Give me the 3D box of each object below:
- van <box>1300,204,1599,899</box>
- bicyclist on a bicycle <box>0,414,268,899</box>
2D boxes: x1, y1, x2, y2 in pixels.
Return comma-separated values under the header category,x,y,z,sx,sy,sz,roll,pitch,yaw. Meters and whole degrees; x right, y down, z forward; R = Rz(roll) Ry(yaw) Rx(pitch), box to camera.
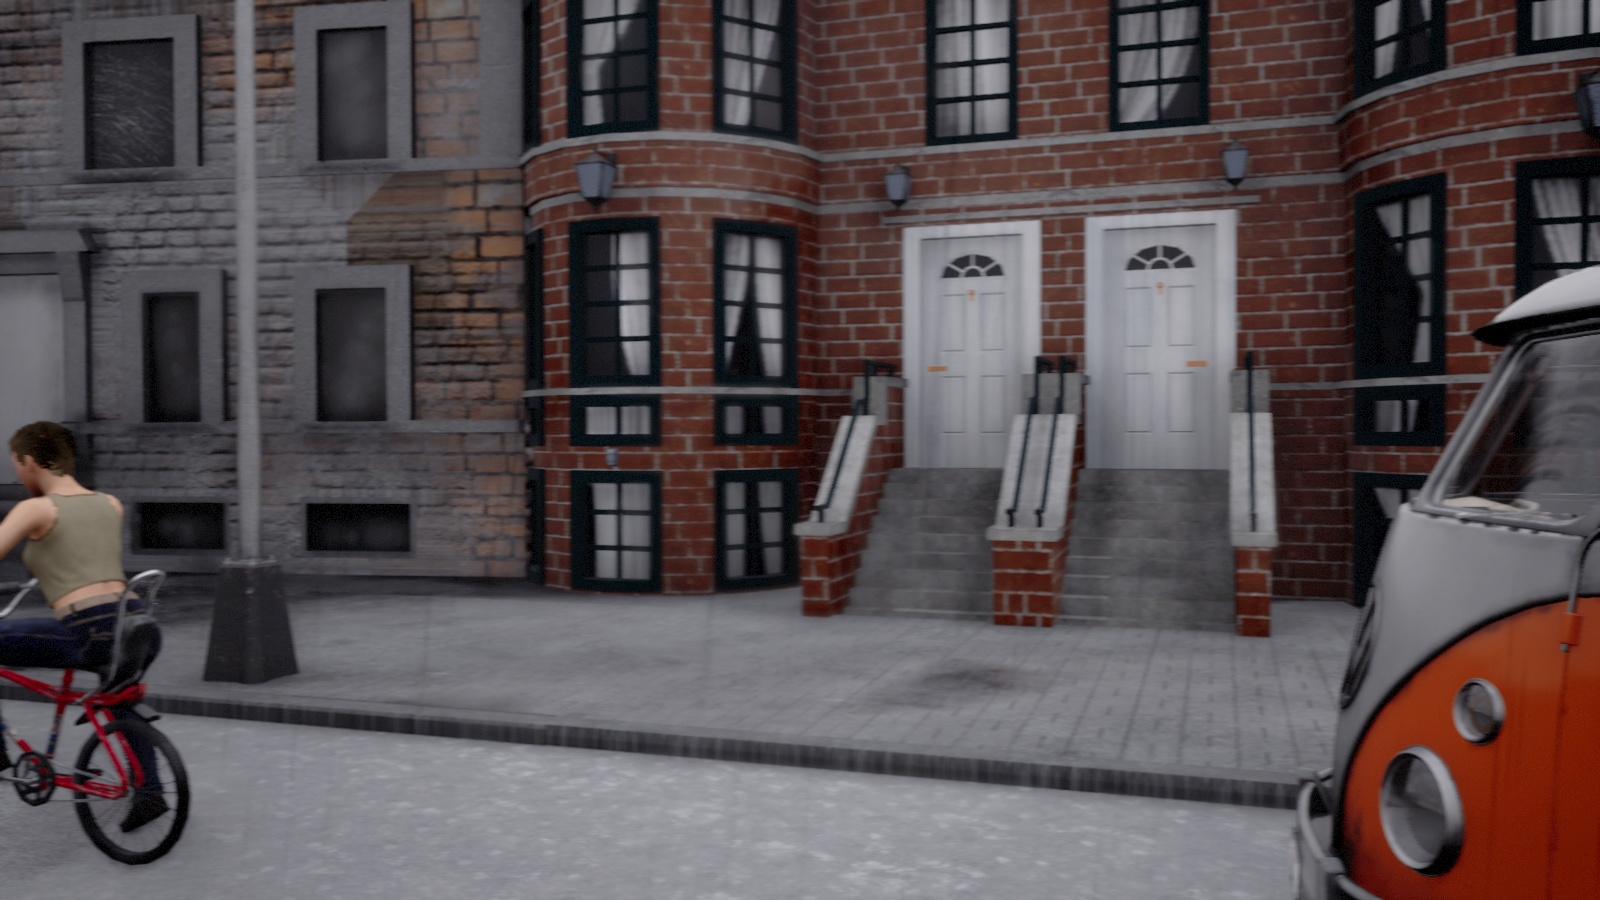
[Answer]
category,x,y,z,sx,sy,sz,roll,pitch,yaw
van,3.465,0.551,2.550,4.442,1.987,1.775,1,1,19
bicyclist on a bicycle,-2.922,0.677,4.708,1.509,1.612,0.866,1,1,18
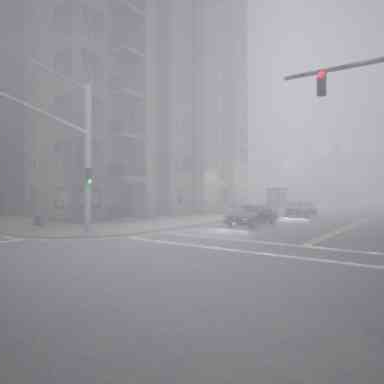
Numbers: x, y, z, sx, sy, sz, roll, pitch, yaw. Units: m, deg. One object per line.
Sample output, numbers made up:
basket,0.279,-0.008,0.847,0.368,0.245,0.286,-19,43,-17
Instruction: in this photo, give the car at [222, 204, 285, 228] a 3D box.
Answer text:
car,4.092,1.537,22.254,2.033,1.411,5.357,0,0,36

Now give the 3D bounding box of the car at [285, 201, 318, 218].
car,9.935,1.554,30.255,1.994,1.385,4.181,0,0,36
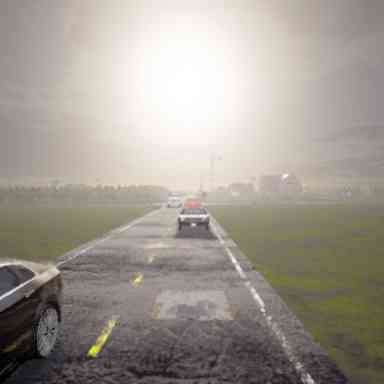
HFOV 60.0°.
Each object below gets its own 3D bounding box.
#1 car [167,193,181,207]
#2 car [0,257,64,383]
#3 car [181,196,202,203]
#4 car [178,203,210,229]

=-=-=

Copy out every line of the records that the string "below" appears in.

→ **SOLUTION FOR THIS TASK**:
Give me the 3D box of each object below:
Each object below gets its own 3D bounding box.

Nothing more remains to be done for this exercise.